Author SoulSearch_CO Posted October 5, 2009 Author Posted October 5, 2009 I'm so glad you had a wonderful time!! Man > stomach > heart A romantic meal at home, cooked by you, with love, would be a nice way to thank him. Might I recommend candlelight and Tapas? Don't forget to feed him. It is a fantastic idea and I wish I could do this. For probably at least the next month, he's going to be stuck with his kids. Baby momma doesn't like having the kids very often and so having had them for 4 days straight is overkill - hence, she will not be anxious to have them back for awhile. Time is not on our side. I would love to do this...but not possible for awhile.

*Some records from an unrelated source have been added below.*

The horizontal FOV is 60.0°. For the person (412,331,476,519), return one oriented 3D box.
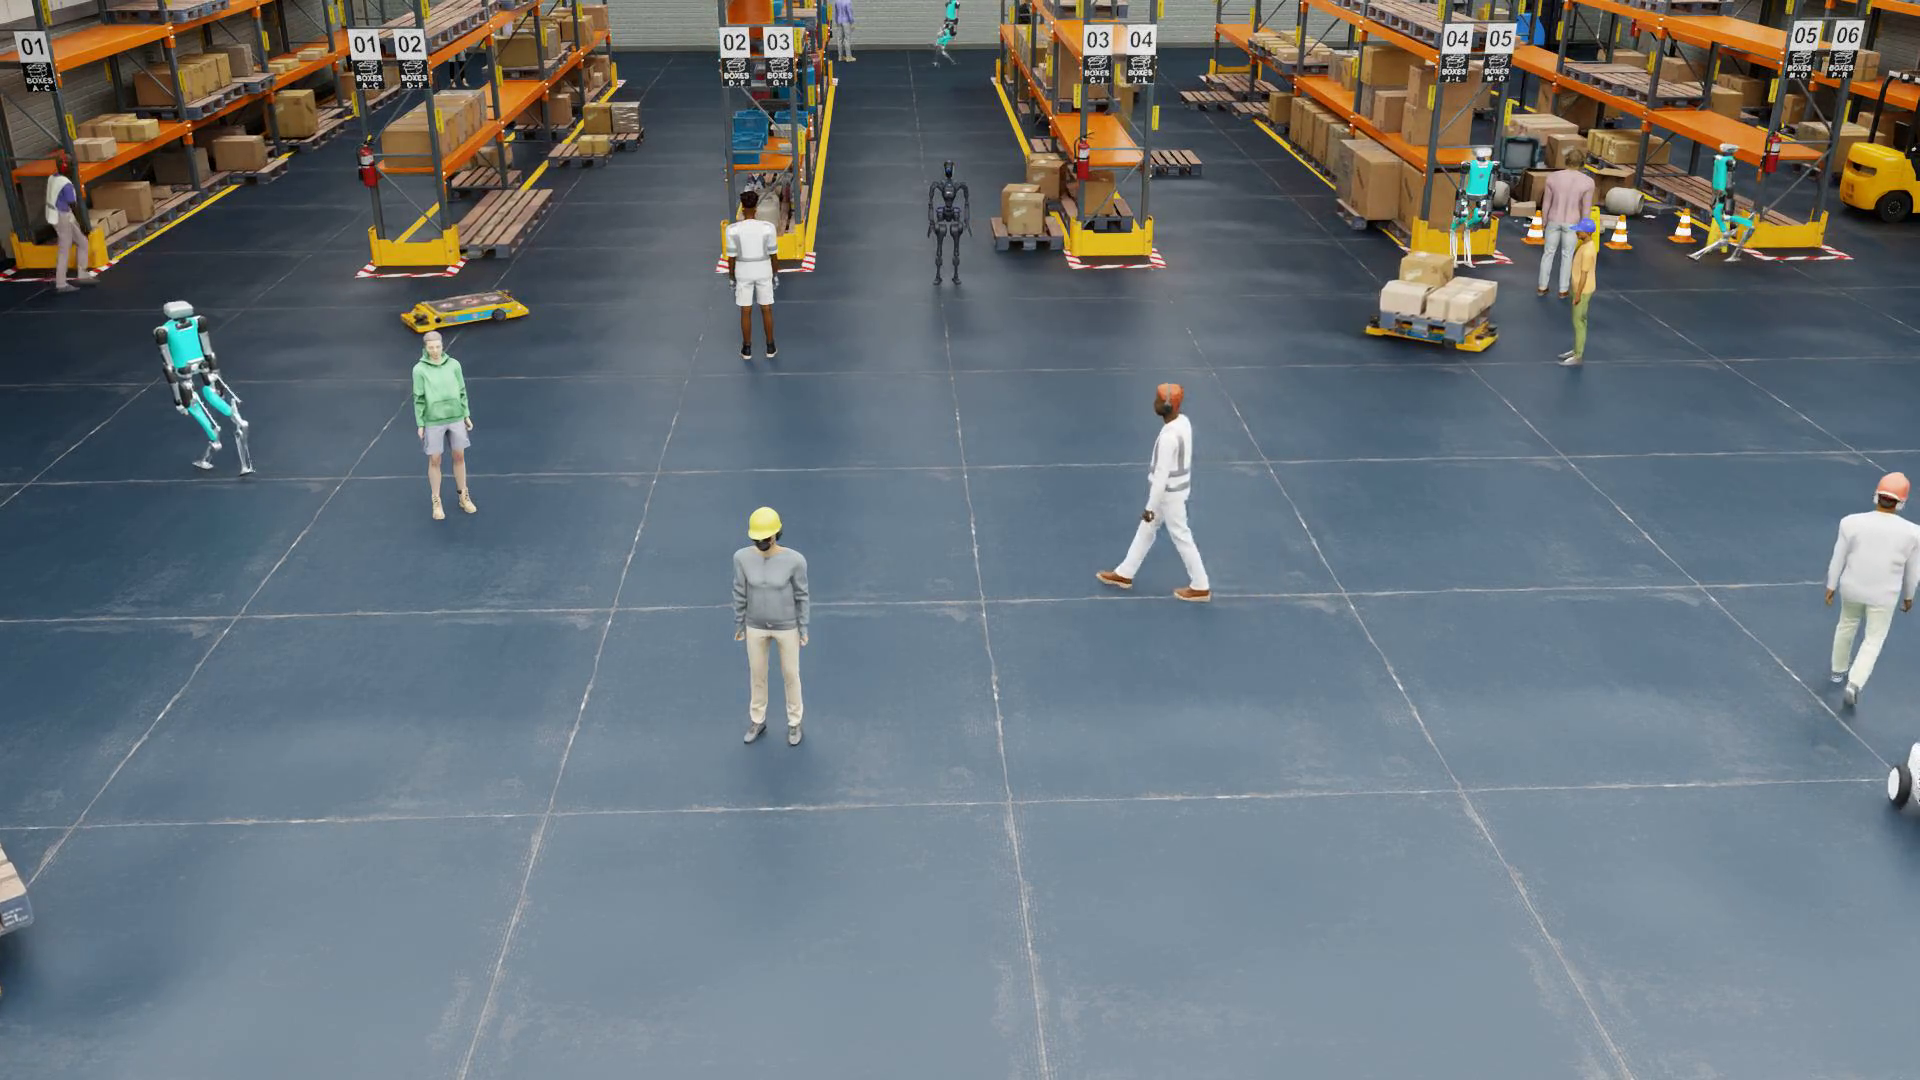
[{"bbox_3d":[-4.666,-1.053,15.025,0.480,1.740,0.314,-14,28,-28],"label":"person"}]

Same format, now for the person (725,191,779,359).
[{"bbox_3d":[-2.394,-3.071,19.288,0.603,1.966,0.368,-4,24,-10],"label":"person"}]

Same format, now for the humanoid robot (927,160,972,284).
[{"bbox_3d":[-0.141,-4.259,22.294,0.599,1.657,0.315,-1,24,-2],"label":"humanoid robot"}]

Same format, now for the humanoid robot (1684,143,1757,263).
[{"bbox_3d":[10.677,-4.618,23.035,1.020,1.733,0.548,-1,24,-2],"label":"humanoid robot"}]

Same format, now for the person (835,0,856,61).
[{"bbox_3d":[-2.890,-12.890,41.554,0.588,1.799,0.395,17,29,33],"label":"person"}]

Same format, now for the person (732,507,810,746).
[{"bbox_3d":[-1.283,0.590,11.305,0.532,1.766,0.324,3,24,7],"label":"person"}]

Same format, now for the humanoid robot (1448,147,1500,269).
[{"bbox_3d":[6.974,-4.582,22.804,0.533,1.673,0.735,-1,24,-2],"label":"humanoid robot"}]

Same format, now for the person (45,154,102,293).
[{"bbox_3d":[-11.773,-4.181,21.984,0.752,1.800,0.556,-17,29,-33],"label":"person"}]

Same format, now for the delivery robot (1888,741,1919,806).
[{"bbox_3d":[6.259,1.589,10.527,0.499,0.576,0.757,6,25,14],"label":"delivery robot"}]

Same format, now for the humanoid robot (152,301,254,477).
[{"bbox_3d":[-7.079,-1.352,15.764,1.027,1.771,0.535,15,28,31],"label":"humanoid robot"}]

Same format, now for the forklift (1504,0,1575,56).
[{"bbox_3d":[14.700,-13.805,42.301,1.873,2.768,1.129,-1,24,-2],"label":"forklift"}]

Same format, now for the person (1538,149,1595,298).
[{"bbox_3d":[7.890,-4.125,21.709,0.621,1.932,0.372,13,27,26],"label":"person"}]

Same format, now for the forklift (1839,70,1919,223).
[{"bbox_3d":[15.132,-6.143,25.915,2.313,2.155,1.214,-1,24,-2],"label":"forklift"}]

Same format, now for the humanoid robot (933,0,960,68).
[{"bbox_3d":[-0.453,-12.371,40.502,0.896,1.753,0.551,-14,27,-28],"label":"humanoid robot"}]

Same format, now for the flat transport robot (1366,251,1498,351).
[{"bbox_3d":[5.742,-2.560,20.224,1.431,0.231,0.659,15,28,30],"label":"flat transport robot"}]

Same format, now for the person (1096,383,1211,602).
[{"bbox_3d":[1.632,-0.382,13.413,0.972,1.827,0.594,6,25,14],"label":"person"}]

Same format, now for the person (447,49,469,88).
[{"bbox_3d":[-11.448,-11.136,37.737,0.531,1.696,0.319,-17,29,-33],"label":"person"}]

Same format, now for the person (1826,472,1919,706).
[{"bbox_3d":[6.521,0.338,11.918,0.563,1.720,0.745,19,30,36],"label":"person"}]

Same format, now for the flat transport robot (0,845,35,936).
[{"bbox_3d":[-5.971,2.266,9.382,0.659,0.231,1.431,-19,30,-37],"label":"flat transport robot"}]

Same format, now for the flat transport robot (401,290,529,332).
[{"bbox_3d":[-6.239,-2.884,20.952,1.431,0.231,0.659,-16,28,-31],"label":"flat transport robot"}]

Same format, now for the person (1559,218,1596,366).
[{"bbox_3d":[7.096,-2.857,19.122,0.381,1.712,0.446,8,25,17],"label":"person"}]

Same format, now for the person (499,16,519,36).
[{"bbox_3d":[-10.679,-12.062,39.625,0.554,1.847,0.416,-2,24,-6],"label":"person"}]

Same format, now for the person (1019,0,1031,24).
[{"bbox_3d":[1.560,-12.133,39.840,0.599,1.818,0.540,0,24,1],"label":"person"}]

I don't know if anything like this comes to mind (especially since you haven't known him that long), but I've always liked coming up with something, whether big or small, that shows I've been listening. (Whether in a relationship or with friends, I just make it a habit to quietly collect mental notes on what people like...so I can surprise them later.) For example, if there's a favorite wine or exotic dessert that he likes but wouldn't normally get for himself...or a book he remembers fondly from his childhood but has no idea what became of it...or just some random thing that's long been on his list of things to track down, but he's just never gotten around to it. Easier to do after you've known someone for longer, but worth a thought, nonetheless. I'm pretty good at picking up on these cues (like how my XH mentioned he loves pewter serving-accoutrement on our first date and I got him a beautiful Jefferson cup/serving tray set for one of our anniversaries), but can't come up with one single thing for current guy, really. I'm going to have to sit and think about it. For his profession, his slight metrosexuality (and sometimes his cockiness), he has suprisingly simple taste when it comes to buying stuff for himself. I'm kind of at a loss, but will really have to put my thinking cap on.
Trialbyfire Posted October 5, 2009 Posted October 5, 2009 Then I'd send him a nice thank-you card with a gift certificate to a romantic candlelit dinner at Chez SoulSearch's, made by Chef SSC, when he has his next free evening. This way, it can build the anticipation and be a great reason for getting together again, sooner, rather than later.
Author SoulSearch_CO Posted October 5, 2009 Author Posted October 5, 2009 Then I'd send him a nice thank-you card with a gift certificate to a romantic candlelit dinner at Chez SoulSearch's, made by Chef SSC, when he has his next free evening. This way, it can build the anticipation and be a great reason for getting together again, sooner, rather than later. OMG, that's cute. I'll have to work that somehow. Thanks, TBF.